Not all managers sat out the meme-stock rally, though. Phil Hart, who manages a quantitatively driven sleeve of VY JPMorgan Small Cap Core Equity VPRSX, said if one stock determined his success or failure of his highly diversified portfolio in a given quarter or year, he would feel like a failure as a risk manager. He and his team bought AMC in 2021's first quarter to reduce the risk of lagging too far behind the benchmark in the Reddit-fueled rally. The position ended up boosting the fund's returns, but Hart doesn't see the retail investor resurgence as a net positive, because it creates an additional layer of risk for his purposes.

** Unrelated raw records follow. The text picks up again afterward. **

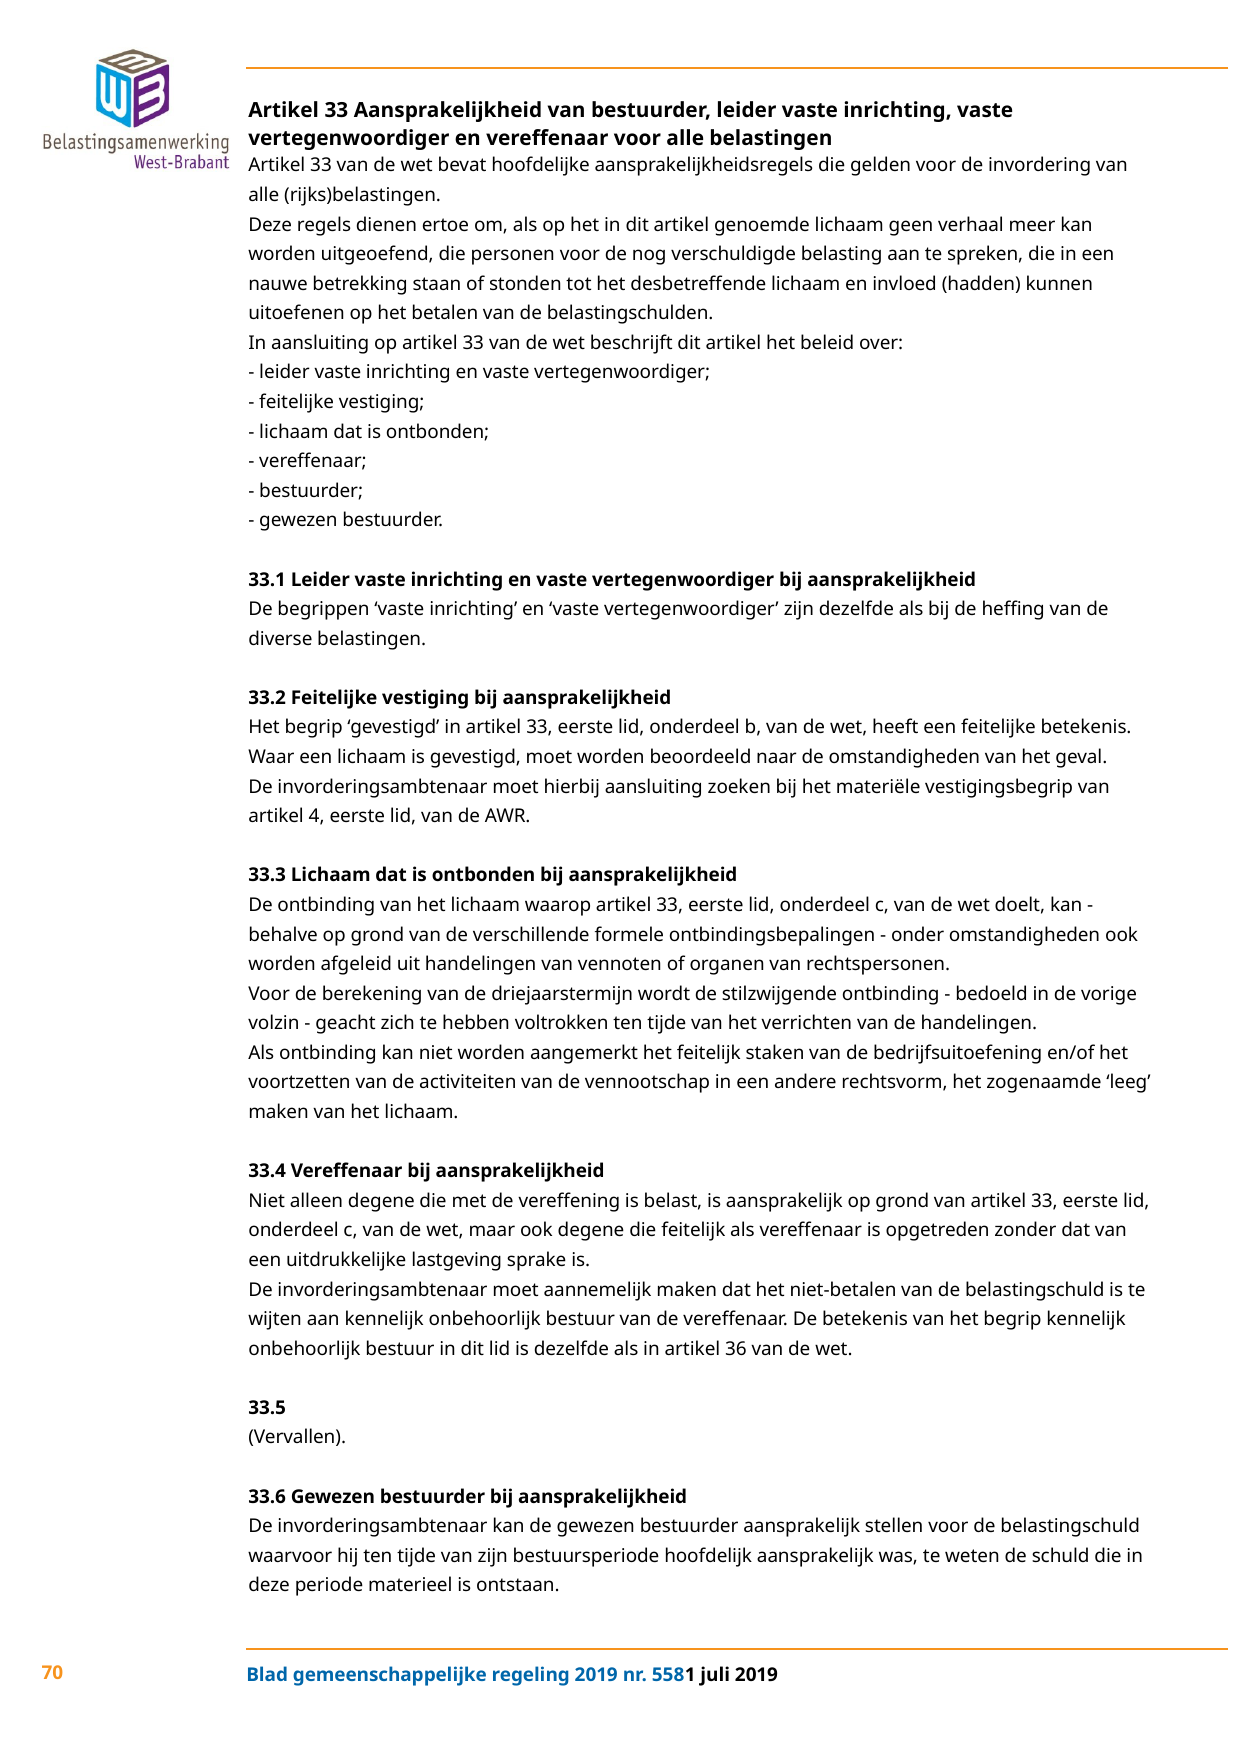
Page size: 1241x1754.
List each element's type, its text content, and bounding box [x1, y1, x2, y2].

text De invorderingsambtenaar moet aannemelijk maken dat het niet-betalen van de belastingschuld is te wijten aan kennelijk onbehoorlijk bestuur van de vereffenaar. De betekenis van het begrip kennelijk onbehoorlijk bestuur in dit lid is dezelfde als in artikel 36 van de wet. [248, 1276, 1152, 1361]
text - lichaam dat is ontbonden; [248, 418, 1152, 444]
text - leider vaste inrichting en vaste vertegenwoordiger; [248, 359, 1152, 384]
picture [41, 47, 231, 172]
text Als ontbinding kan niet worden aangemerkt het feitelijk staken van de bedrijfsuitoefening en/of het voortzetten van de activiteiten van de vennootschap in een andere rechtsvorm, het zogenaamde ‘leeg’ maken van het lichaam. [248, 1039, 1152, 1124]
text 33.6 Gewezen bestuurder bij aansprakelijkheid [248, 1483, 1152, 1509]
text - bestuurder; [248, 477, 1152, 503]
text De invorderingsambtenaar moet hierbij aansluiting zoeken bij het materiële vestigingsbegrip van artikel 4, eerste lid, van de AWR. [248, 773, 1152, 828]
text Deze regels dienen ertoe om, als op het in dit artikel genoemde lichaam geen verhaal meer kan worden uitgeoefend, die personen voor de nog verschuldigde belasting aan te spreken, die in een nauwe betrekking staan of stonden tot het desbetreffende lichaam en invloed (hadden) kunnen uitoefenen op het betalen van de belastingschulden. [248, 211, 1152, 325]
text In aansluiting op artikel 33 van de wet beschrijft dit artikel het beleid over: [248, 329, 1152, 355]
text 33.1 Leider vaste inrichting en vaste vertegenwoordiger bij aansprakelijkheid [248, 566, 1152, 592]
text De begrippen ‘vaste inrichting’ en ‘vaste vertegenwoordiger’ zijn dezelfde als bij de heffing van de diverse belastingen. [248, 595, 1152, 651]
text Artikel 33 van de wet bevat hoofdelijke aansprakelijkheidsregels die gelden voor de invordering van alle (rijks)belastingen. [248, 152, 1152, 207]
text Artikel 33 Aansprakelijkheid van bestuurder, leider vaste inrichting, vaste vertegenwoordiger en vereffenaar voor alle belastingen [248, 95, 1152, 152]
text - gewezen bestuurder. [248, 507, 1152, 532]
text (Vervallen). [248, 1424, 1152, 1449]
text 33.2 Feitelijke vestiging bij aansprakelijkheid [248, 684, 1152, 710]
text De ontbinding van het lichaam waarop artikel 33, eerste lid, onderdeel c, van de wet doelt, kan - behalve op grond van de verschillende formele ontbindingsbepalingen - onder omstandigheden ook worden afgeleid uit handelingen van vennoten of organen van rechtspersonen. [248, 891, 1152, 976]
text Voor de berekening van de driejaarstermijn wordt de stilzwijgende ontbinding - bedoeld in de vorige volzin - geacht zich te hebben voltrokken ten tijde van het verrichten van de handelingen. [248, 980, 1152, 1035]
text Het begrip ‘gevestigd’ in artikel 33, eerste lid, onderdeel b, van de wet, heeft een feitelijke betekenis. Waar een lichaam is gevestigd, moet worden beoordeeld naar de omstandigheden van het geval. [248, 714, 1152, 769]
text - vereffenaar; [248, 447, 1152, 473]
text De invorderingsambtenaar kan de gewezen bestuurder aansprakelijk stellen voor de belastingschuld waarvoor hij ten tijde van zijn bestuursperiode hoofdelijk aansprakelijk was, te weten de schuld die in deze periode materieel is ontstaan. [248, 1512, 1152, 1597]
text Niet alleen degene die met de vereffening is belast, is aansprakelijk op grond van artikel 33, eerste lid, onderdeel c, van de wet, maar ook degene die feitelijk als vereffenaar is opgetreden zonder dat van een uitdrukkelijke lastgeving sprake is. [248, 1187, 1152, 1272]
text - feitelijke vestiging; [248, 388, 1152, 414]
text 33.4 Vereffenaar bij aansprakelijkheid [248, 1157, 1152, 1183]
text 33.3 Lichaam dat is ontbonden bij aansprakelijkheid [248, 862, 1152, 887]
text 33.5 [248, 1394, 1152, 1420]
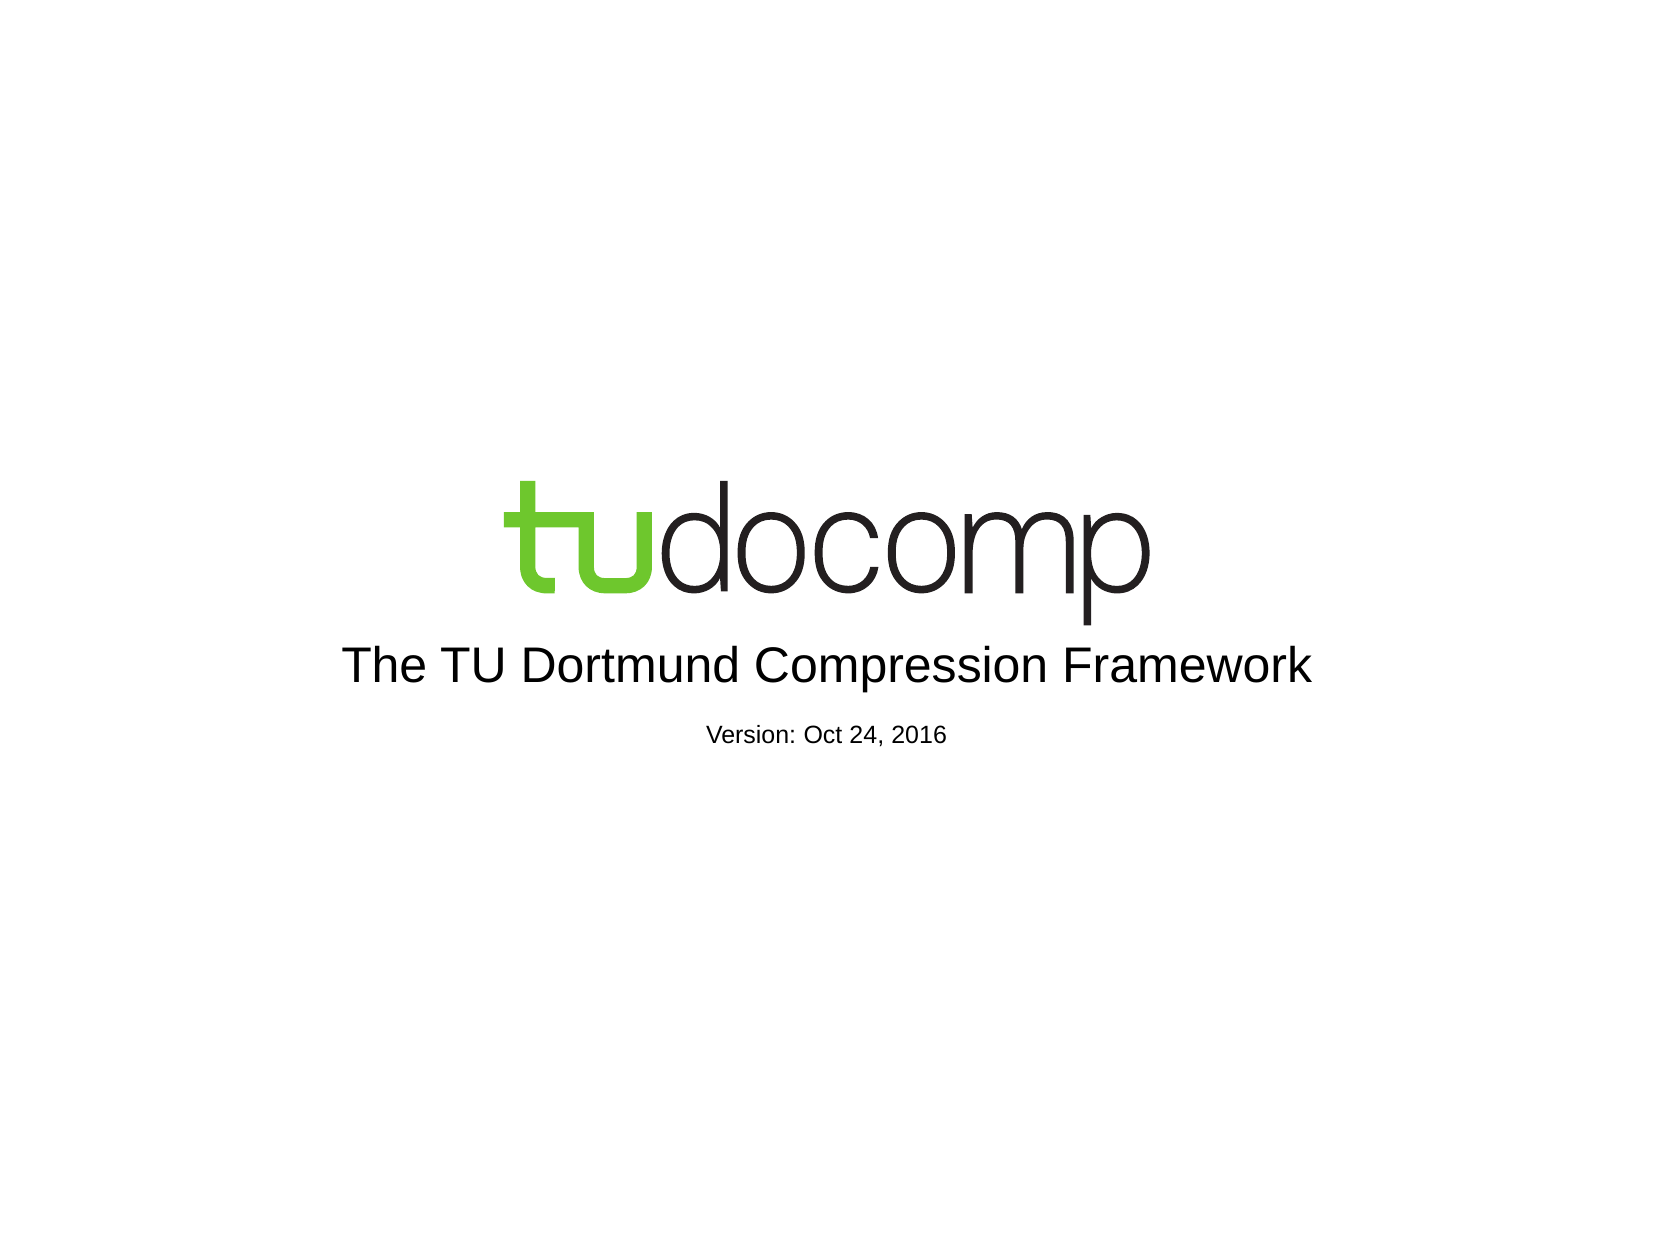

Retail investors also left their mark in the commodities markets as the prices of lumber and silver skyrocketed early in the year. Steve Land, manager of Franklin Templeton Gold and Precious Metals FKRCX, said that among precious-metals equities, it is not uncommon for retail investors to pile in and out, exacerbating short-term price swings. Silver, for example, often acts as a higher-risk, higher-return version of gold, and it jumped quicker in the summer of 2020 as investors worried about inflation poured into the metal. IShares Silver Trust SLV rose 53.2% between July 1 and Aug. 31, 2020 compared with the SPDR Gold Shares' GLD 10.6% gain during that time. Land owned some silver-related stocks, but the rally didn't change the way he invests in them; he continues to look for companies with attractive valuations.

It's not clear if recent frenzied retail investor behavior will persist, but it has professional asset managers' attention. Few, though, have changed their processes because of it.